Restructuring transactions are not limited to the type of economic downturn in which the Covid-19 crisis seems likely to result. They can occur at every stage of the business cycle and may appear in various forms. For example, a group may restructure its balance sheet under a debt for equity swap. Or a group may reorganise its operations through an intra-group transfer of assets and liabilities, including in conjunction with a demerger or spin off. A substantial amount of UK tax law impinges upon this area, as the following paragraphs will illustrate.

Debt restructurings

Debt releases

As part of a debt restructuring (see figure 1), the lenders to a UK borrower may agree to a release of some of the borrower’s debt. Since 2015, distressed UK corporate borrowers have had access to the UK’s corporate rescue exemption as a means of sheltering releases of debt from UK corporation tax. The exemption applies if it can be reasonably assumed that, but for the release and surrounding arrangements, there would be a material risk of the borrower being unable to pay its debts within the next 12 months (CTA 2009 s 322(5B)). Unable to pay its debts for these purposes can include both an insufficiency of cash to pay those debts and a state of balance sheet insolvency (CTA 2009 s 323(A1) and HMRC’s Corporate Finance Manual at CFM33194). Consequently, the exemption does not require the borrower to be in an insolvency procedure such as an administration or even, necessarily, on the verge of that procedure.

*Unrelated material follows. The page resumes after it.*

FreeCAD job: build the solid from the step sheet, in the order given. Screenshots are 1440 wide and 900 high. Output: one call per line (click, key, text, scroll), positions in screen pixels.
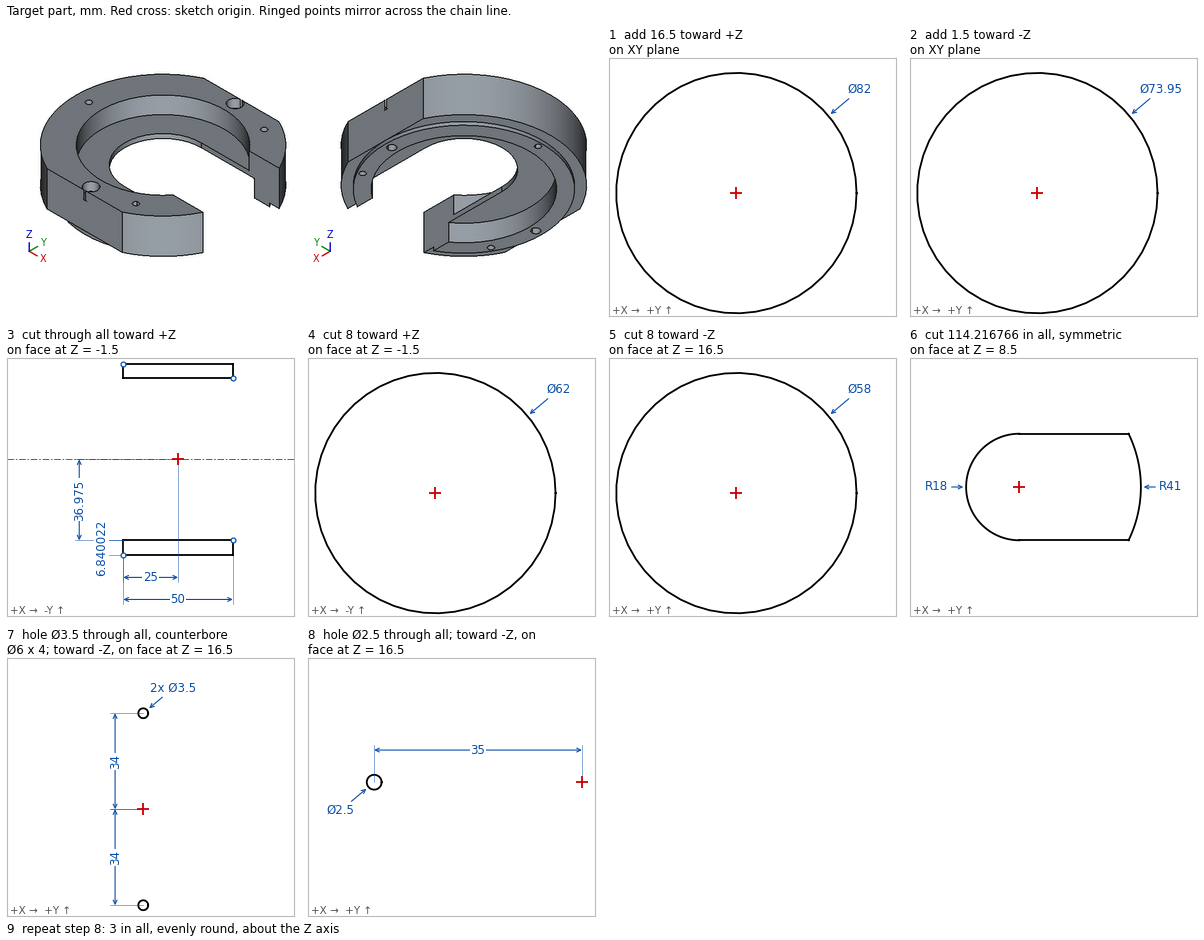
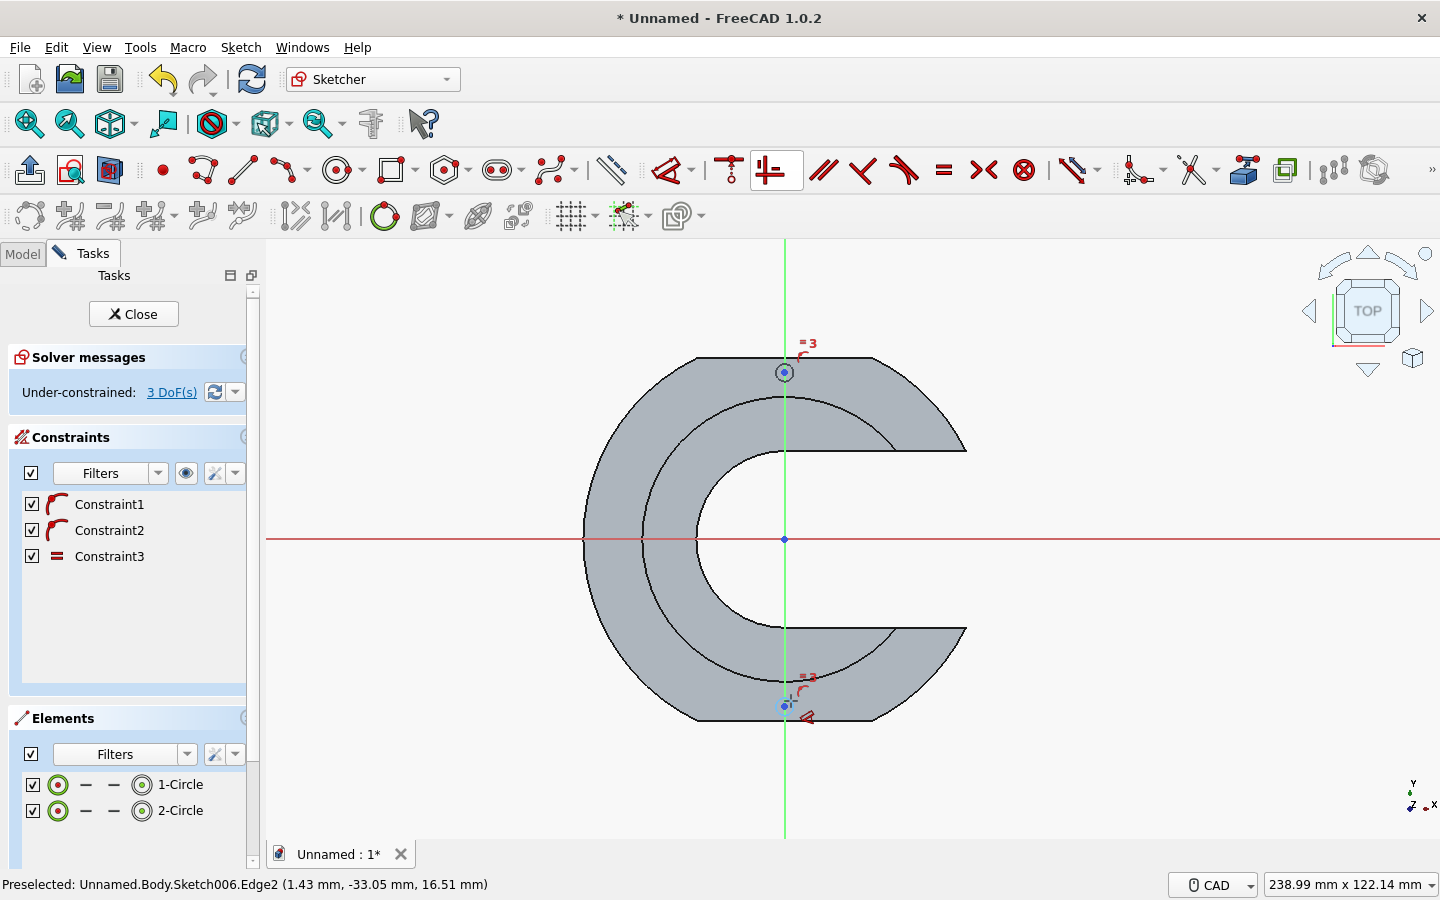
scroll(791, 367, up, 5)

However, as HMRC makes clear in its guidance, the exemption will not be available for mere liability management exercises. The borrower in question must be in ‘significant financial distress’ with a ‘real prospect’ (absent the restructuring) of going into insolvency within the next 12 months (CFM33192 and CFM33194).

Consequently, advisers have sometimes been reluctant to conclude that the corporate rescue exemption will definitely apply to particular debt restructurings. In turn, standard advice is for relevant directors to carefully consider and document why they consider the exemption’s requirements are satisfied. Depending upon the context, reliance might also be placed on other exemptions, such as the debt for equity swap exemption in CTA 2009 s 322(4) or the exemption for debt releases that occur as part of a scheme of arrangement in CTA 2009 s 322(3).


Debt modifications

A mere modification of the terms of debt (for example, a reduction in its interest rate or extension of its term) can have tax implications for both borrower and lenders. In particular, if the modification is sufficiently material, and depending upon the laws of their jurisdictions, lenders might be treated as making a taxable disposal of their debt. In addition, a UK borrower might be treated as realising an accounting and, therefore, a taxable profit under the UK’s loan relationship rules as a result of the modification.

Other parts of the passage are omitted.